When is tucatinib/tucatinib expected to be launched in China?

Tucatinib/Tucatinib is an innovative drug that has attracted much attention recently. It has achieved impressive results in the treatment of HER2+ advanced breast cancer complicated by brain metastases. Unfortunately, as of mid-April 2024, this drug has not yet been officially launched in the Chinese market. Any new drug launched in China must undergo strict approval by the State Food and Drug Administration. It is hoped that this revolutionary drug will be approved by Chinese regulatory authorities in the near future, thus bringing new treatment options and hope to more patients with HER2+ advanced breast cancer.

In an ambitious, randomized, double-blind, placebo-controlled clinical trial, researchers found that combining tucatinib with trastuzumab and capecitabine can produce significant clinical responses in up to60% of patients with refractory, metastatic, or advanced inoperable HER2-positive breast cancer, including those who have developed brain metastases. For this reason, the treatment regimen of tucatinib combined with trastuzumab and capecitabine was approved by the U.S. Food and Drug Administration (FDA) in 2020 for the treatment of adult patients with advanced or metastatic HER2-positive breast cancer after the failure of previous anti-HER2-based treatment regimens.
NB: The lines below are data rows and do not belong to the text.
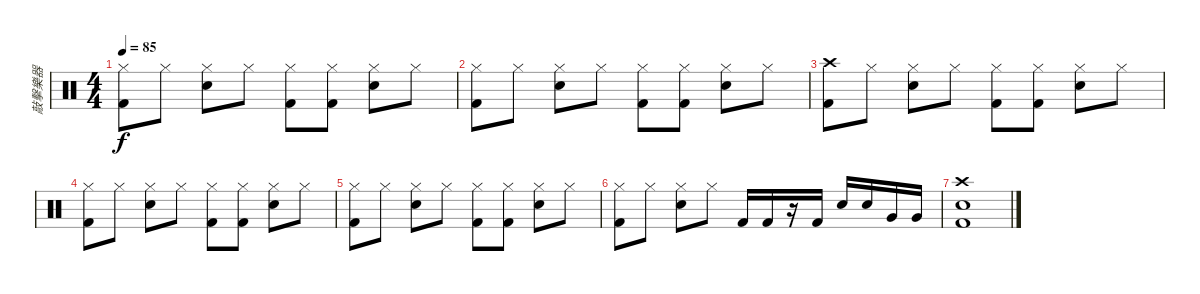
\track ("敲擊樂器" "敲擊樂器") {instrument percussion}
\staff {score}
\articulation defaults
\ts (4 4)
\tempo 85
\clef neutral
\ks c
("Hi-Hat (closed)" "Kick (hit) 2").8{dy f} "Hi-Hat (closed)".8 ("Hi-Hat (closed)" "Snare (hit) 2").8 "Hi-Hat (closed)".8 ("Hi-Hat (closed)" "Kick (hit) 2").8 ("Hi-Hat (closed)" "Kick (hit) 2").8 ("Hi-Hat (closed)" "Snare (hit) 2").8 "Hi-Hat (closed)".8 |
("Hi-Hat (closed)" "Kick (hit) 2").8 "Hi-Hat (closed)".8 ("Hi-Hat (closed)" "Snare (hit) 2").8 "Hi-Hat (closed)".8 ("Hi-Hat (closed)" "Kick (hit) 2").8 ("Hi-Hat (closed)" "Kick (hit) 2").8 ("Hi-Hat (closed)" "Snare (hit) 2").8 "Hi-Hat (closed)".8 |
("Crash high (hit)" "Kick (hit) 2").8 "Hi-Hat (closed)".8 ("Hi-Hat (closed)" "Snare (hit) 2").8 "Hi-Hat (closed)".8 ("Hi-Hat (closed)" "Kick (hit) 2").8 ("Hi-Hat (closed)" "Kick (hit) 2").8 ("Hi-Hat (closed)" "Snare (hit) 2").8 "Hi-Hat (closed)".8 |
("Hi-Hat (closed)" "Kick (hit) 2").8 "Hi-Hat (closed)".8 ("Hi-Hat (closed)" "Snare (hit) 2").8 "Hi-Hat (closed)".8 ("Hi-Hat (closed)" "Kick (hit) 2").8 ("Hi-Hat (closed)" "Kick (hit) 2").8 ("Hi-Hat (closed)" "Snare (hit) 2").8 "Hi-Hat (closed)".8 |
("Hi-Hat (closed)" "Kick (hit) 2").8 "Hi-Hat (closed)".8 ("Hi-Hat (closed)" "Snare (hit) 2").8 "Hi-Hat (closed)".8 ("Hi-Hat (closed)" "Kick (hit) 2").8 ("Hi-Hat (closed)" "Kick (hit) 2").8 ("Hi-Hat (closed)" "Snare (hit) 2").8 "Hi-Hat (closed)".8 |
("Hi-Hat (closed)" "Kick (hit) 2").8 "Hi-Hat (closed)".8 ("Hi-Hat (closed)" "Snare (hit) 2").8 "Hi-Hat (closed)".8 "Kick (hit) 2".16 "Kick (hit) 2".16 r.16 "Kick (hit) 2".16 "Snare (hit) 2".16 "Snare (hit) 2".16 "Very Low Tom (hit)".16 "Very Low Tom (hit)".16 |
("Crash high (hit)" "Snare (hit) 2" "Kick (hit) 2").1

It is worth mentioning that, unlike traditional monoclonal antibodies, tucatinib has the ability to cross the blood-brain barrier, which may be why it performs well in treating brain metastases that are difficult to treat with anti-HER2 monoclonal antibodies. By 2023, the therapeutic indications of tucatinib will be further expanded, and it will be used in combination with trastuzumab to treat refractory HER2-positive advanced inoperable metastatic colorectal cancer.